Task 8.2 Multiplication of a row vector with a constant
Figure 8.8 shows how a row of three numbers is multiplied by the number 4. The result consists of a row of three numbers. Make this example yourself.
Formula in G1: =A1:C1*E1
Task 8.3 Multiplication 2-dimensional array with a column vector
Figure 8.9 shows how a 4x3 array is multiplied by a column of numbers. The result is again a 4x3 array.
Make this example yourself. You can use the practicefile Array2.xlsx
for this.
Formule in G1 wordt A1:C4*E1:E4
8.3 Calculating one result
This section explains how to use a single array formula in situations that would otherwise require multiple formulas.

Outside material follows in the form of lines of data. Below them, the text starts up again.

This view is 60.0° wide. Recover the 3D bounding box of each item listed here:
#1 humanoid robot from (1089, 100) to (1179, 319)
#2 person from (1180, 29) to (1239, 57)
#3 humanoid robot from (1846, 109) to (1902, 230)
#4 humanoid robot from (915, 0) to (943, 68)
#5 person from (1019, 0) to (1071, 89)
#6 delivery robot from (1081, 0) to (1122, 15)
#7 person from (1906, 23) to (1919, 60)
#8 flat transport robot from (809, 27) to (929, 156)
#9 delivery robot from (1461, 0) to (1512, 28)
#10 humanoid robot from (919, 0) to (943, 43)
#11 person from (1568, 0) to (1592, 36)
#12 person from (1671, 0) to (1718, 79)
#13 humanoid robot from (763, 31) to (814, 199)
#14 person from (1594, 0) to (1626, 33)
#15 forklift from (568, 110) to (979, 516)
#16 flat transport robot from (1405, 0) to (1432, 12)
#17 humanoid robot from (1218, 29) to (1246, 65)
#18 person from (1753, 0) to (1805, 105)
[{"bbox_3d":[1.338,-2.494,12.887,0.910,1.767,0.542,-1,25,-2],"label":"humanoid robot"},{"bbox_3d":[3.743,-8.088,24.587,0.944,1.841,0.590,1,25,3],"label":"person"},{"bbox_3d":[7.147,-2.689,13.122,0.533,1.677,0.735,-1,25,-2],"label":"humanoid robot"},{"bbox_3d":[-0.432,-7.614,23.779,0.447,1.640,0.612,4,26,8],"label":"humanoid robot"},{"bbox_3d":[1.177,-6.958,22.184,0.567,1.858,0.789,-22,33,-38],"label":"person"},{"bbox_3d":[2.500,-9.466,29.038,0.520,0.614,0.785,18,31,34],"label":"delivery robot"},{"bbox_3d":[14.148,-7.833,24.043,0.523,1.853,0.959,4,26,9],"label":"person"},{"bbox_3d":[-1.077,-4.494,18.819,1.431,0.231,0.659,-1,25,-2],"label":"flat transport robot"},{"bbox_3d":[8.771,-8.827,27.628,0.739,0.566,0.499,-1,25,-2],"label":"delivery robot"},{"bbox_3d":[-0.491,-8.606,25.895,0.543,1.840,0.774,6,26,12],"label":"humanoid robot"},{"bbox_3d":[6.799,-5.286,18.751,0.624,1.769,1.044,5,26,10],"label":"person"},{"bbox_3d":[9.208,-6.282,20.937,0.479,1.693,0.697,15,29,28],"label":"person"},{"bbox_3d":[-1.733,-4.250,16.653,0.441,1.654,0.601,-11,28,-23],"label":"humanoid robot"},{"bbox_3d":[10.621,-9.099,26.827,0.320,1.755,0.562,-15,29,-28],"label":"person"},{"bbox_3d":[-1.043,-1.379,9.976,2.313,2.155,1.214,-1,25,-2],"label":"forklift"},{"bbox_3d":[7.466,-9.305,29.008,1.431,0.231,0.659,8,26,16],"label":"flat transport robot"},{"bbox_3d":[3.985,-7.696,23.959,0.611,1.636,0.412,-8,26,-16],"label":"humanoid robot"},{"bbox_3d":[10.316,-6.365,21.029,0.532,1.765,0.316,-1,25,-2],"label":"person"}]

You can use an array formula if you need to perform various calculations to get one result. This type of array formula can simplify a worksheet because multiple formulas are replaced by only one array formula.
Figure figuur Figure 8.10 shows a stock portfolio with prices. In order to calculate the total value of the shares at a given price you normally calculate the value for each share and then add these values. With an array formula, this calculation can be done without calculating the intermediate results.
Task 8.4 File: Array3.xlsx
Open the file.
Select cell C6 and enter formula
=SUM(B2:B5*C2:C5)
.Repeat this action for cell D6, the entered formula is
=SUM(B2:B5*D2:D5)
.
Question
You can also make the formula in C6 suitable for copying to D6. What do you have to change in the formula for that?
By making the first column in the formula in C6 absolute, so =SUM($B$2:$B$5*C2:C5)
.
Task 8.5 File: Array4.xlsx
In this exercise, the weighted average of four tests must be calculated for each student using a matrix formula. Start with a formula for Jan and make this formula suitable for copying down.
You get a weighted average for Jan by multiplying each test grade of Jan by the weighting factor for that test and then dividing the sum of these four results by the sum of the four test factors.
To make the formula suitable for copying, you have to think about which cell addresses should not be changed during copying. You have to make those cell addresses absolutely.
Formula F3: =SUM(B3:E3*$B$1:$E$1)/SOM($B$1:$E$1)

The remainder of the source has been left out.